Here I've used nippers to trim one end down so it fits between the sides, boards in. The loose end isn't trimmed yet.

IMGP3587_v1.JPG

The wheels and tires aren't wonderful, but I decided to use them on this one. This wagon is only 16 feet long by 8 wide with 5 foot sides. It won't even hold 50 bales, so there's no call for flotation tires or rear dualies. I went for the homebrew look, using old car tires. GHQ made the axle castings with plenty of gluing surface for the wheels. Sturdiness is good, but it would be more realistic if they stood clear of the spindles. I haven't tried that yet (my layout has pieces of several different farms). I didn't glue the tongue in place till I fixed it up a bit and put the wagon on its wheels.

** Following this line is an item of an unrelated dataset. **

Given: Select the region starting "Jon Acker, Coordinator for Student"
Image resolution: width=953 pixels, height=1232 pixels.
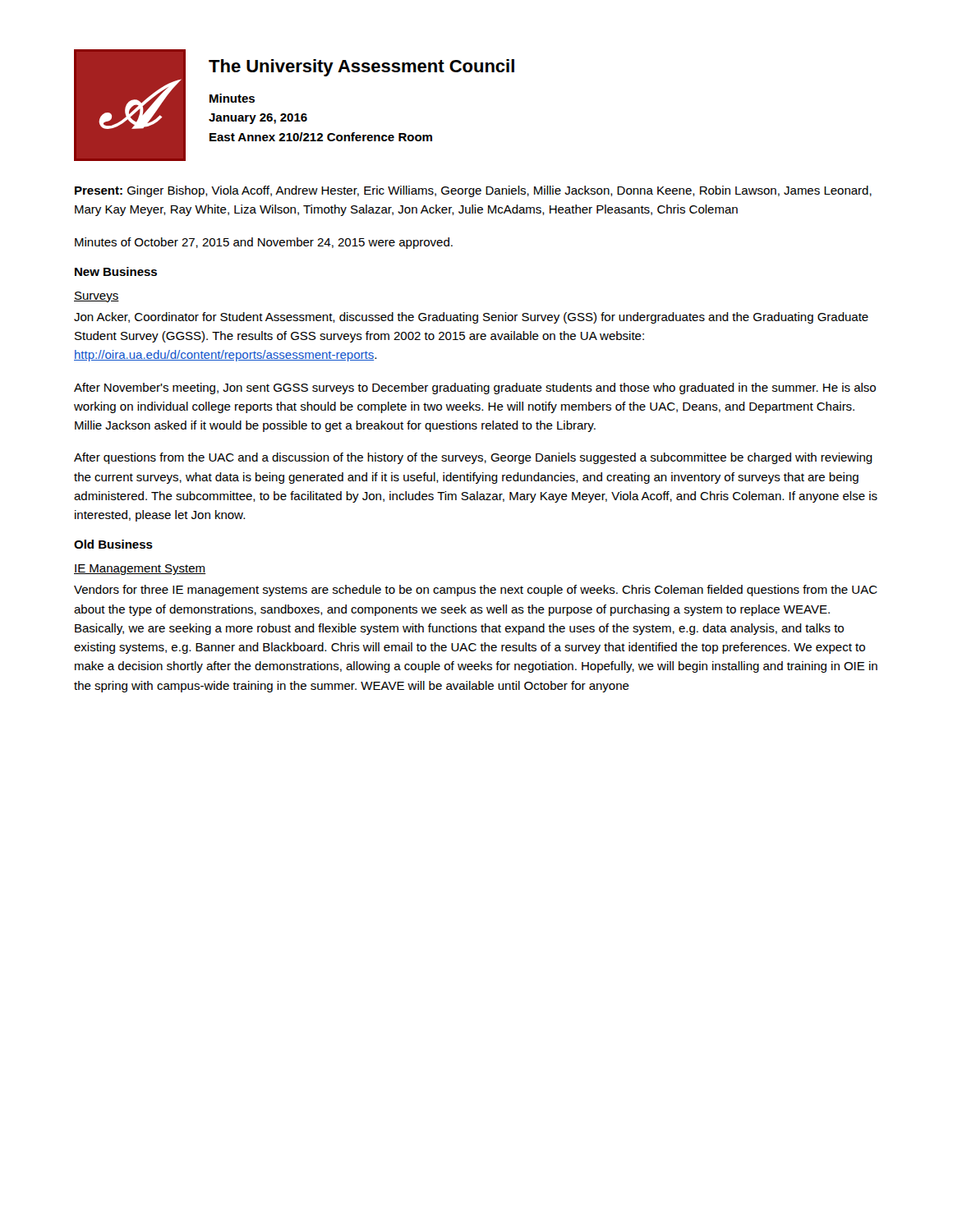Looking at the screenshot, I should (471, 336).

I also wound up with two extra wheels, plus axles & tongue. Perhaps I'll scratchbuild a more modern wagon after I finish the kits.
James

jbvb

I cut off the pin on the loose end of the tongue. Then I filed the tongue a little thinner and added two straps, drilled so it could be attached to a tractor drawbar with a hitch pin. I brush-painted the body with a thin wash of ancient Floquil Caboose Red (the can it's in is probably older than my ex). The tires got a thinned application of Engine Black, but it doesn't really stand up to this close-up. I'd need magnification to do a job which left the edge of the rim consistently red but the edge of the tire black.

IMGP3588_v1.JPG

I made a few additional improvements to a second kit:

IMGP3652_v1.JPG

As purchased, the vertical posts are about 4.5" x 5.5". This isn't awful for a wood-sided wagon, but the horizontal boards being the same dimensions is way too heavy. I rubbed these across a big flat file till the slats were down to about 3" thick.
James

jbvb

IMGP3653_v1.JPG

As most of the rest of the 'running gear' is wood, I cut pieces of .040 square basswood to brace the front bolster and the rear axle posts. Ideally, the rear braces would end on the same crossbeam as the front, but this model isn't going to be picked up & turned over very often.

IMGP3654_v1.JPG

Now, at least from a distance, it looks structurally sound.
James

jbvb

Here are the two upgraded GHQ hay wagons at Heubach's farm in East Bexley, MA on my layout. 

IMGP3655_v1.JPG

The "Gothic Arch Dairy Barn" in the background is a styrene scratchbuild I did in a 2011 RR-Line thread. Ask if you want to see it soon.
James

Dave Buchholz

Good catch on the location of the horizontal boards. I'd never know the difference. But your reasoning makes sense.
New home of the North Coast Railroad, along the shores of Lake Ontario

Philip


robert goslin

Great looking wagons James, and good info for anyone else building these.
Yours with the stakes on the outside look much better.  Nice red you used too.
Regards  Rob
Melbourne,  Australia
Borrow money from pessimists – they don't expect it back

jbvb

Thanks, Dave, Phillip and Rob.  Here's making small square bales full-size in 1994, using equipment dating to around 1980:

baling94.jpg
James

Orionvp17

James, does that baler toss the bale into the trailer, or does it require human help? If it tosses the bale, then how does the stacking process work?

Pete
in Michigan

jbvb

Pete, the bale flying over the front gate of the hay wagon was launched by the baler's hydraulic kicker. Without a wagon rider, the jumble grows till there's risk of a bale landing right but falling out.  Then you swap wagons and the pickup truck driver takes the load to the barn for unloading.  Maybe 100 bales can be jumbled into that wagon.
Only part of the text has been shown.